(Beginning of Records provided)

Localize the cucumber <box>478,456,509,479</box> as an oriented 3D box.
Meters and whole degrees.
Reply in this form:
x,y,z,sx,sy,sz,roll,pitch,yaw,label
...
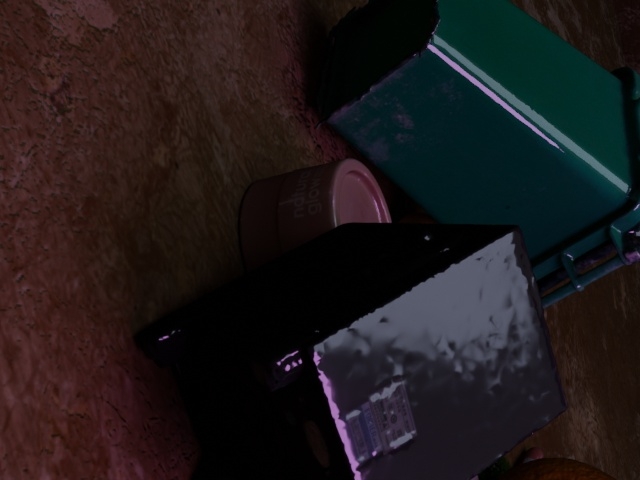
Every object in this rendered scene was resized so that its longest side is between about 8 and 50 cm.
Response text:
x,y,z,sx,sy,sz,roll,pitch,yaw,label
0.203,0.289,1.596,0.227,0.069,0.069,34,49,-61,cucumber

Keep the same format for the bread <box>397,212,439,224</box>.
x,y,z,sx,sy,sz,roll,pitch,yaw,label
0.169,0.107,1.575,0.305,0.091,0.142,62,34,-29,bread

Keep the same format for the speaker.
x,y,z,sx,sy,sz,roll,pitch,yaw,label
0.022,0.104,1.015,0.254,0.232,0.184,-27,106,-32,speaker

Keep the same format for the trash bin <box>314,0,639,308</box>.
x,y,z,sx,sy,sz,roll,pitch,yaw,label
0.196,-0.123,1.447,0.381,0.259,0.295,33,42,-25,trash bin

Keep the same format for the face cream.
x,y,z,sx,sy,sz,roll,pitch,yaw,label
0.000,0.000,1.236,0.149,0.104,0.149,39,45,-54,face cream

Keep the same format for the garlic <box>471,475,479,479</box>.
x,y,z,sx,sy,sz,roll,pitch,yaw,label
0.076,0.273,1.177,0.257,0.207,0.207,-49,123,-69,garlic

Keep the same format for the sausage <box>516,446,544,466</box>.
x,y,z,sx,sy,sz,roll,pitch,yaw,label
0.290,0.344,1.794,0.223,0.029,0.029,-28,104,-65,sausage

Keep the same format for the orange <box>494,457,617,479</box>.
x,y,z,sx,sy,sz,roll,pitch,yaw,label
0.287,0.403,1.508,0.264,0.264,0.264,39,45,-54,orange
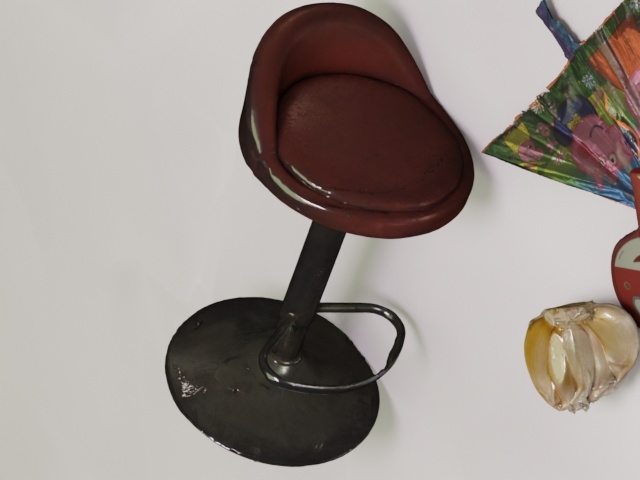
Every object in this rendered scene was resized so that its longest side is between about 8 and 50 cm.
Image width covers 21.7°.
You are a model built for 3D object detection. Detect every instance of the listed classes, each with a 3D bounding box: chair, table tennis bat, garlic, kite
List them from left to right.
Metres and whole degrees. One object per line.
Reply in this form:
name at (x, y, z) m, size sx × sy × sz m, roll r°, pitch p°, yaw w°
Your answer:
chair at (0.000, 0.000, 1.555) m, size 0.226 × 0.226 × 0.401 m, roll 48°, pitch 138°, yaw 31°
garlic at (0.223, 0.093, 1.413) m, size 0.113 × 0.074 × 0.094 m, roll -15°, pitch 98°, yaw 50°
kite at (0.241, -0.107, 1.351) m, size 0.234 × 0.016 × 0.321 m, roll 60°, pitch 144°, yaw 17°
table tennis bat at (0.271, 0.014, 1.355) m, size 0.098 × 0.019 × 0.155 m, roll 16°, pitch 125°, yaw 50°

(End of Records provided)
(Beginning of Records provided)

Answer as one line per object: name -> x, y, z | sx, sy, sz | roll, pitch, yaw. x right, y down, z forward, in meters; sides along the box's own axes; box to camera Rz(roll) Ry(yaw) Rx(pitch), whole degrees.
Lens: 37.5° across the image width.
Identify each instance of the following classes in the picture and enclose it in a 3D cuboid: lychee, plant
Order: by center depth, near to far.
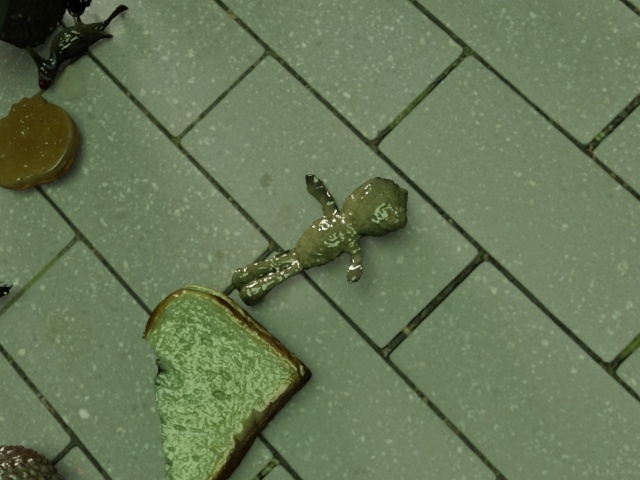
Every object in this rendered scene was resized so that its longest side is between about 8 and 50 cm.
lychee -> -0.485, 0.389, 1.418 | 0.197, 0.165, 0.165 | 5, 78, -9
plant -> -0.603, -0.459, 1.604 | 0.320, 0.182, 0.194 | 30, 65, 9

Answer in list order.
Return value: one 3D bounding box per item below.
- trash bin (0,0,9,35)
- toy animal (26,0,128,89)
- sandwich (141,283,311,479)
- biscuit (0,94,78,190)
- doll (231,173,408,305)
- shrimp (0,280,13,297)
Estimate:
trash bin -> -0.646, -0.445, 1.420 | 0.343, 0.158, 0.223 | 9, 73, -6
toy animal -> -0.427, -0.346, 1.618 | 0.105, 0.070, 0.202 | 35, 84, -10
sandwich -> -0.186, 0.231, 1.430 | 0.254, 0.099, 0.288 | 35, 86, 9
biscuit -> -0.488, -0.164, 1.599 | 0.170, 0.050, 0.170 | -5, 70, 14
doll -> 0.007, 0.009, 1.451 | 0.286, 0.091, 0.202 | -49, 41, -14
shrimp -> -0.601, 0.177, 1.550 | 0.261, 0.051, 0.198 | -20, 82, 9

(End of Records provided)
(Beginning of Records provided)

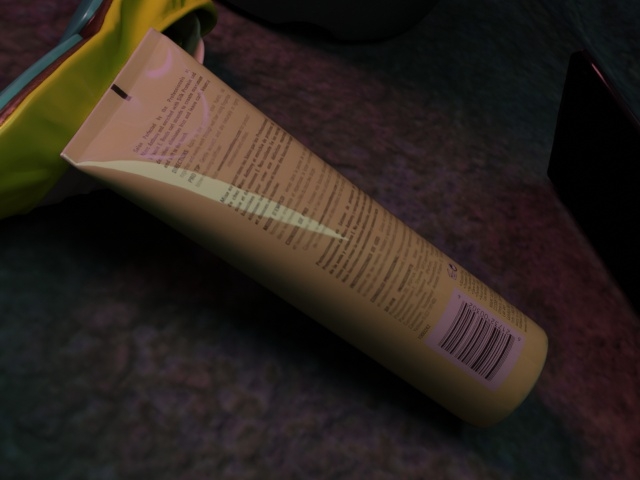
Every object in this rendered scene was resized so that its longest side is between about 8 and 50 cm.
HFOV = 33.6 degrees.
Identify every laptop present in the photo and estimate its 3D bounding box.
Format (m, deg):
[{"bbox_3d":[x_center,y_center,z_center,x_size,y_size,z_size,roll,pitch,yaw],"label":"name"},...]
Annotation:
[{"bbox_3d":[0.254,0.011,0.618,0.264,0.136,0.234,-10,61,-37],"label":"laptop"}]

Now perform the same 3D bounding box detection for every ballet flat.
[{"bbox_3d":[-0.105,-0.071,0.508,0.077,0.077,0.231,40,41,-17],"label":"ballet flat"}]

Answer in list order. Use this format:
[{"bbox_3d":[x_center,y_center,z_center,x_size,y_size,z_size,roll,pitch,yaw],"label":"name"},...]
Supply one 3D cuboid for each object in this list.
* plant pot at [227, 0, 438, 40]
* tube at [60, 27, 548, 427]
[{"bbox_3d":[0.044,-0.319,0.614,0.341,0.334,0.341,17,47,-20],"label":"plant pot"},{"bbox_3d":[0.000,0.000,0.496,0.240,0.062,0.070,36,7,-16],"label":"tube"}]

(End of Records provided)

*Exercise objective*: Using the records above, set down exactly the lines from the one with "- toy animal (26,0,128,89)" through the one with "- shrimp (0,280,13,297)", inclusive, and nothing more.

*Result of this task*:
- toy animal (26,0,128,89)
- sandwich (141,283,311,479)
- biscuit (0,94,78,190)
- doll (231,173,408,305)
- shrimp (0,280,13,297)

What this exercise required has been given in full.